I, Annie Rae, had come down to spend Christmas at “Raeburn,” the old family homestead. My grandmother and grand-father had been abroad for years, and this being the first Christmas for so long that the old house was opened, they wanted to fill it with bright young faces and merry laughter, to crowd out the voiceless memories which lurked in every corner, and so a whole party of us had come–cousins, first, second and third, in fact of all degrees. Speaking of cousins, isn’t it strange that very often the further removed the nearer they seem? At least George Stewart was only my third cousin by blood, and yet he always assumed more on the strength of our relationship than any of my first cousins, and somehow, in my own heart I did not mind it at all, though I did tease him so.

But I must go on with my story. It was Christmas Eve, and the old house was quiet at last. We girls had all gone to our rooms after a merry evening together. Fannie and Rose had the room near grandma’s, while Kate and Lillie were just opposite. Some one had to sleep alone at the other of the hall, and after long consultation, it was decided that I should go, for I had rashly boasted of never being afraid. I will confess to feeling a little lonely when all was quiet, and the deep shadows in the corners of the room seemed very dark, for the light of my candle did not reach far. There were three doors in my room, and fastening securely the one leading into the entry, I merely turned the handles of the others, and finding them locked inside, did not care to explore any further just then.  I must have been a long time undressing, for the clock struck the hour of midnight as I put my light out. Even then I could not sleep, but found myself wondering what was behind those doors that I had not opened, and I determined to have a regular exploring expedition the next day. There were so many romantic stories to this old house. I had even heard hints of staircases, shut up rooms, &c., and had always delighted in mysteries.

I think I must have been asleep for a short time, when I suddenly found myself awake with a start, and a curious impression that I was listening for something. There certainly was a sound overhead, but what was it? It came more clearly, and I distinguished a faint, broken melody, and yet imperfect, like some one playing a long forgotten air on a piano where some of the strings were broken. Three times it came like the verses of a song, and though there were no words, it seemed to speak to my very heart, and I thought of George, and how sorrowfully he had looked at me that evening as I had passed him without saying “good night.” It was only to tease him, I had pretended not to see his proffered hand, but had taken Willie Thorne’s instead, and we had walked up the broad staircase together.

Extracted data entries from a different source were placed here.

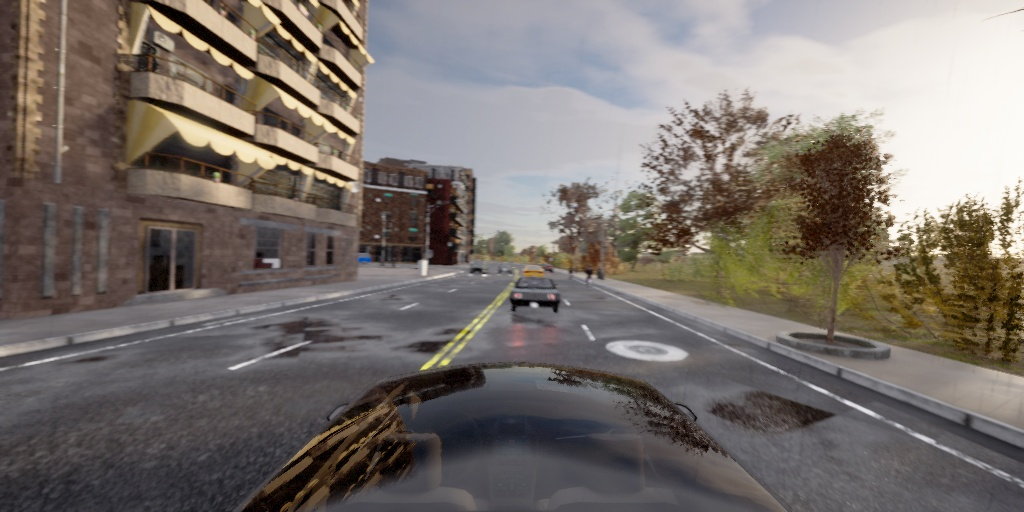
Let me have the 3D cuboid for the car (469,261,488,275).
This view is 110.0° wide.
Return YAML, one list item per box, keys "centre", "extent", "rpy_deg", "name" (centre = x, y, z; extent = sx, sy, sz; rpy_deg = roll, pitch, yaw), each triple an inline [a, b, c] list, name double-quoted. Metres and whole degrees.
- centre: [-4.223, 1.417, 46.210]
  extent: [2.097, 1.767, 4.553]
  rpy_deg: [2, 0, 1]
  name: "car"

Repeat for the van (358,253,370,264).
- centre: [-25.207, 0.413, 58.461]
  extent: [3.998, 1.789, 1.690]
  rpy_deg: [0, 0, -28]
  name: "van"

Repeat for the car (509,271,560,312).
- centre: [0.977, 1.521, 15.258]
  extent: [1.895, 1.301, 4.718]
  rpy_deg: [2, -1, 4]
  name: "car"

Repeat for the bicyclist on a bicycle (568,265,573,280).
- centre: [6.184, 1.765, 37.708]
  extent: [0.582, 1.620, 1.656]
  rpy_deg: [2, -1, 2]
  name: "bicyclist on a bicycle"

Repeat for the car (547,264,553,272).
- centre: [5.808, 2.026, 60.244]
  extent: [1.837, 1.490, 4.892]
  rpy_deg: [2, 0, 0]
  name: "car"

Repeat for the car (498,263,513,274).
- centre: [-0.886, 1.694, 49.192]
  extent: [2.128, 1.511, 4.902]
  rpy_deg: [2, -1, 1]
  name: "car"

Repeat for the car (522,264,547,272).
- centre: [1.967, 1.613, 33.337]
  extent: [1.882, 1.535, 5.008]
  rpy_deg: [2, -1, 2]
  name: "car"

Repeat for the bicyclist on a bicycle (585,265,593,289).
- centre: [5.708, 1.558, 26.656]
  extent: [0.659, 1.776, 1.843]
  rpy_deg: [2, 0, 3]
  name: "bicyclist on a bicycle"

Again all was still, only a long drawn sigh seemed to echo my own through the room, and came from the direction of the furthest door. Without a sensation of fear, only an ill-defined feeling of pain and regret, I sank to sleep, and when I woke the morning sun was shining brightly enough to dispel illusions. I resolved to say nothing to the girls, but quietly to explore and see what was to be found, for I knew perfectly well that what I had heard was no dream. So I got up long before breakfast, and after completing my toilet, threw wide the shutters and opened the first door nearest the entry. Only an empty closet! Disappointed but slightly relieved, I closed it and went over to the other. The key turned hard in the lock as if it had not been opened for a long time. Then the door stood wide open, and I saw a flight of stairs but only prosaic wooden steps, like those leading to any garret. I started bravely up and soon found myself in a large loft attic, with odds and ends. First, an old spinning wheel caught my eye, relic of our most industrious great grandmothers. Then a stack of old fire- arms, with which our ancestors, the bold Races, may have shed the blood of daring foes, or, perhaps, and I am afraid more likely, have only done damage among the crows that came to steal from their spacious cornfields. Lastly, beyond these, and behind a pile of mattings and boxes, I came upon an old piano. It quite startled me at first but then the broad daylight was very reassuring, and I am not nervous. It was very old and of a most curious shape, and evidently had been very elegant in its day. I tried to lift the lid, and found it locked, but as I touched it a shiver ran through me, for I was convinced now that this was what my ghostly music had come from last night, and I am determined to find out before another day had passed who it had belonged to, and what restless spirits still haunted its worn strings.

So after breakfast, when all the others gone to church, I went into my grandmother’s room to sit with her, for she was not very strong, dear old lady, and rarely went out of the house in winter.

After we were nicely settled and had got through our morning’s reading, I told her of my last night’s adventure, and my subsequent researches, and begged her to tell me all about the old piano I had found in the attic. She smiled at my eagerness, but did not seem at all surprised or incredulous, for though she herself had never heard the music I spoke of, there had been others long ago, she said, who, sleeping in that room on Christmas Eve, had been known to hear faint sounds, coming as if from the old piano above, though it was locked, and the key had been lost. The coincidence, at least, was very strange, taken in connection with the history attached to it, and which my grandmother then proceeded to relate to me.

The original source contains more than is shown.